One of my favorite sessions at our “innovation summit” this week in Berkeley was a talk between Ed Catmull, the president of Pixar and Walt Disney Animation, and my friend and colleague Martin Giles, who took my former beat (“Silicon Valley”) a year ago.
Ed had a soulful, unpretentious, I-got-nothing-to-prove credibility, and Martin did a great job drawing him out but otherwise not interrupting or interfering (that, in essence, is a moderator’s job).
As in any real, good conversation, the chat meandered and is hard to summarize. But the heart of it was about how to “manage” creative types so that they stay creative. Managing creativity, of course, is sort of an oxymoron. But that’s what Pixar, with its unbroken record of box-office successes, seems to be doing.
So, how?
It comes down to many, many extremely subtle gestures and techniques. For example:
Commerce vs art
There is a tension between “commercial” success and “artistic” purity, and Catmull believes that the leader’s job is to ensure that “no side wins”. The tension, in other words, is part of the secret sauce.
Geniuses or teams?
Pixar tries to “protect each film-maker’s vision”, by putting the brain daddy of each project in charge of a team. But Catmull realizes that the notion of one single, over-arching genius idea is “a myth”, and that Pixar’s films are really thousands of ideas, and thousands of problems solved. For that, you need a team.
So everything depends on how well that team functions. Catmull sees one of his main roles as observing teams, and intervening when they are dysfunctional. If the leader loses the confidence of his team, Catmull replaces the leader. He would get rid of a genius, if that genius could not work in a team, he said.
Criticism and power
But even when a team does work, and the leader stays in charge, that director must get honest and hard feedback from his peers. How does one do that? (Finding tough but constructive criticism is also one of the hardest challenges for a writer.)
You put the director in meetings of his peers, but you ensure that nobody has more power than he does. In other words, people may suggest or critique, but cannot order him to make any changes. It is up to the director to absorb the comments and to incorporate or address them in the film. (Again, this is also, in my opinion, the way a writer should relate to his “editor”.)

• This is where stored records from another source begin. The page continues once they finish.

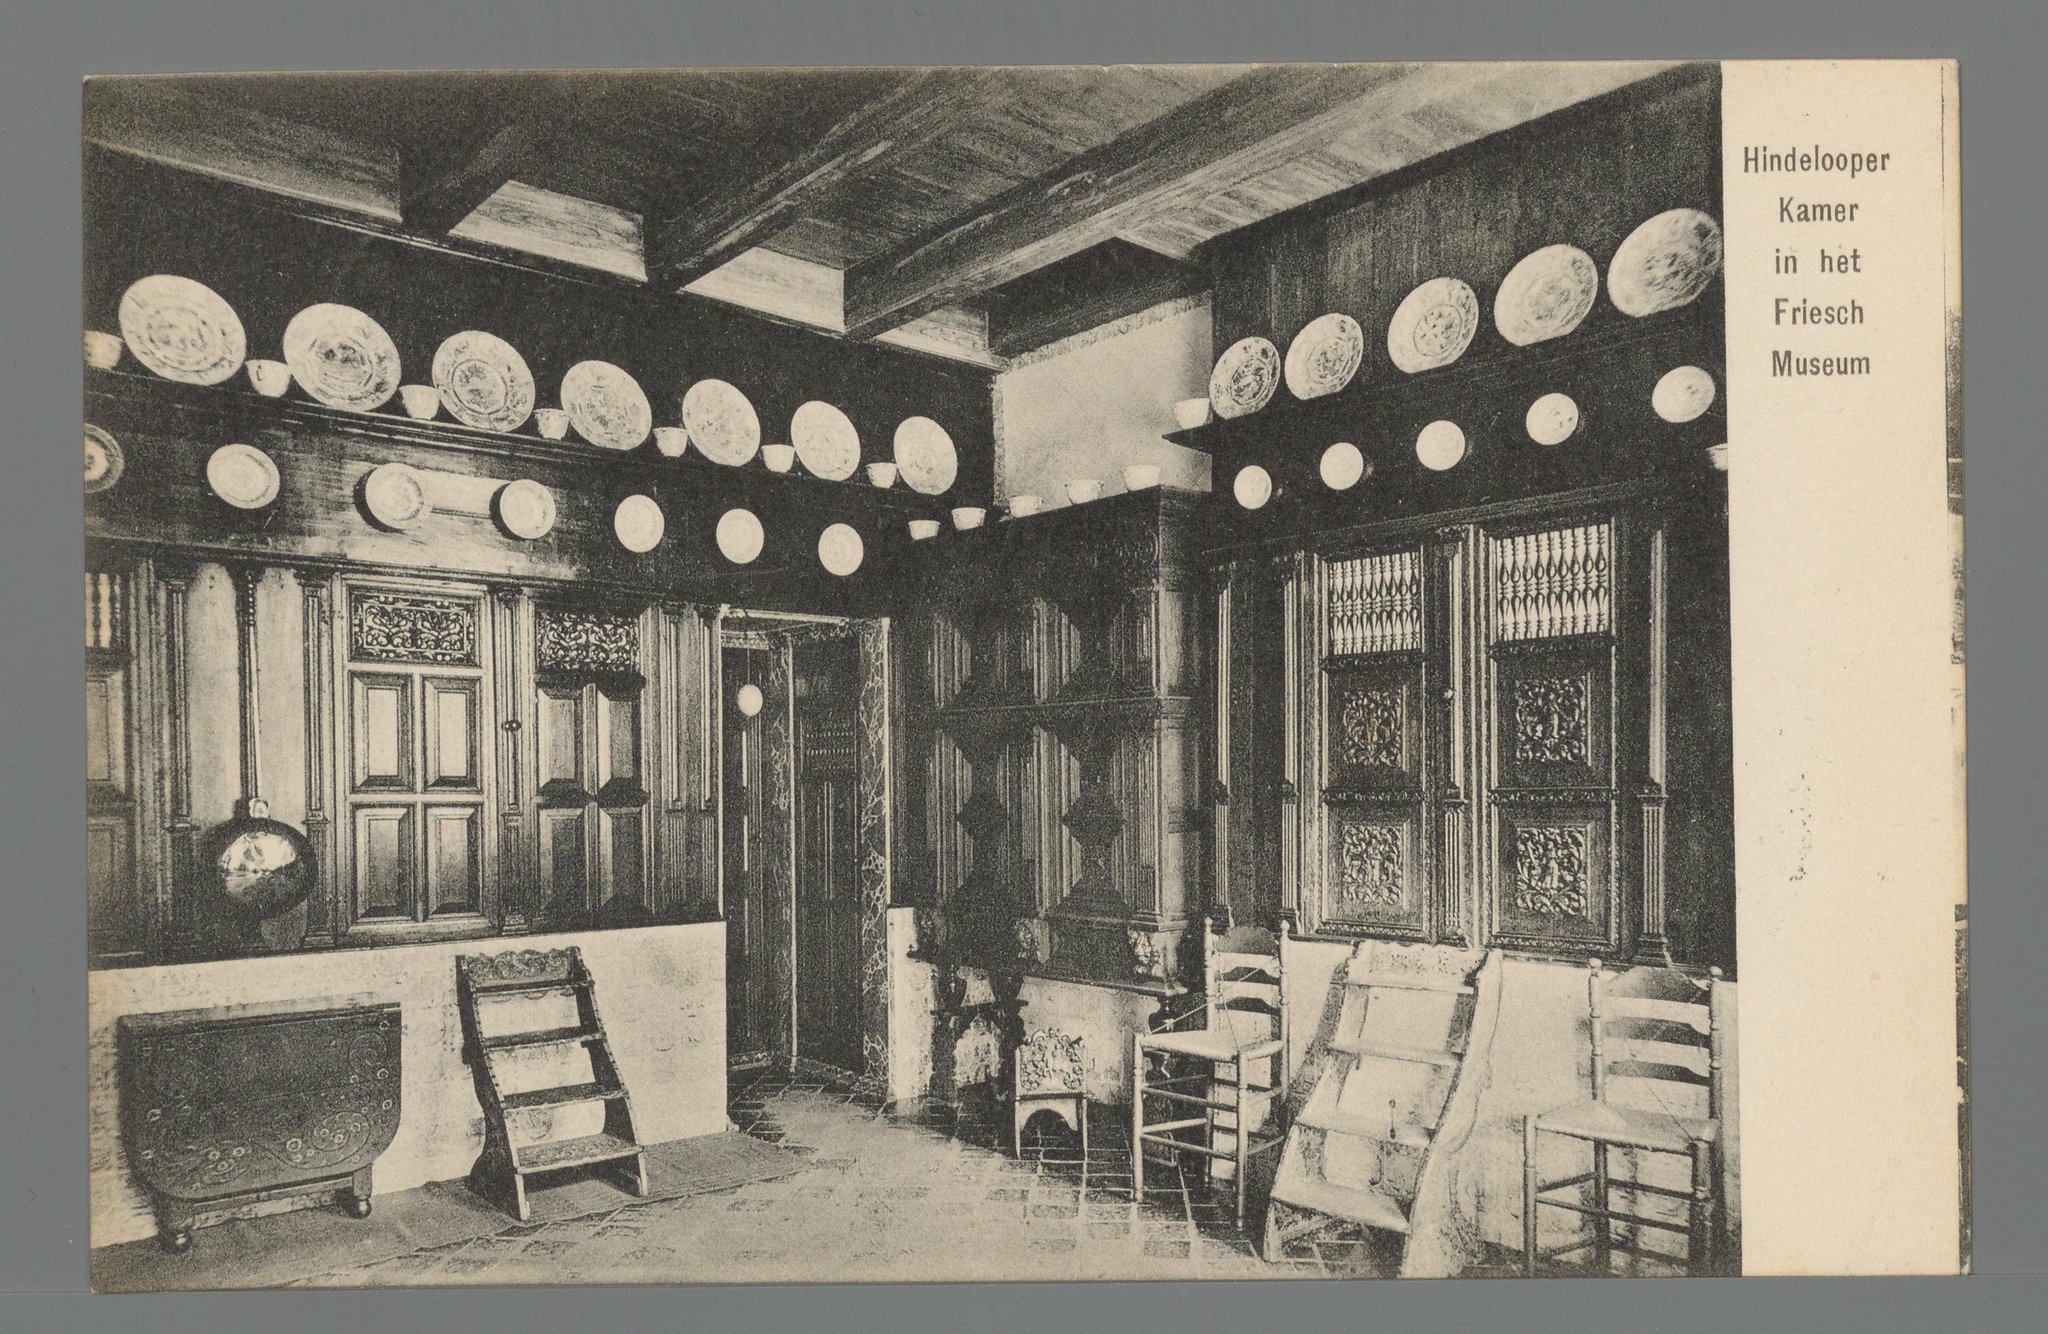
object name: photomechanical print
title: Hindelooper Kamer in het Friesch Museum
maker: Anonymous
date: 1905-1911
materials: cardboard
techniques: photograph, writing
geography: leeuwarden
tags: interior of the house, permanent exhibition, museum
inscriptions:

If the group does this well, Catmull will invite others to make the meetings bigger, so that the newcomers can observe the good dynamic and spread it to other teams and Pixar’s wider culture.
However, he then pays extra attention to see if the original group of critics starts performing, which would kill the magic.
If the group critiques badly — which usually means that they are being too polite — Catmull will take individuals aside and confront them: Why did you not say what you really meant? He calls bullshit on them. So people know that their credibility is on the line.
From fear to context
There was no silver bullet, no single secret or list of “ten steps”. There never is in real life. Instead, the conversation offered a fascinating glimpse into our new, modern work culture.
In the past, workers clocked in and had managers look over them with the tools of power. Bosses ruled with fear, implicit or explicit.
In a creative economy — and Pixar, like The Economist, represents it in the extreme — that would never work. You cannot frighten or threaten people into creativity.
Instead, all you can do is choose people well — for their talent and their teamwork — and then set and maintain a certain context that allows their creativity to come out.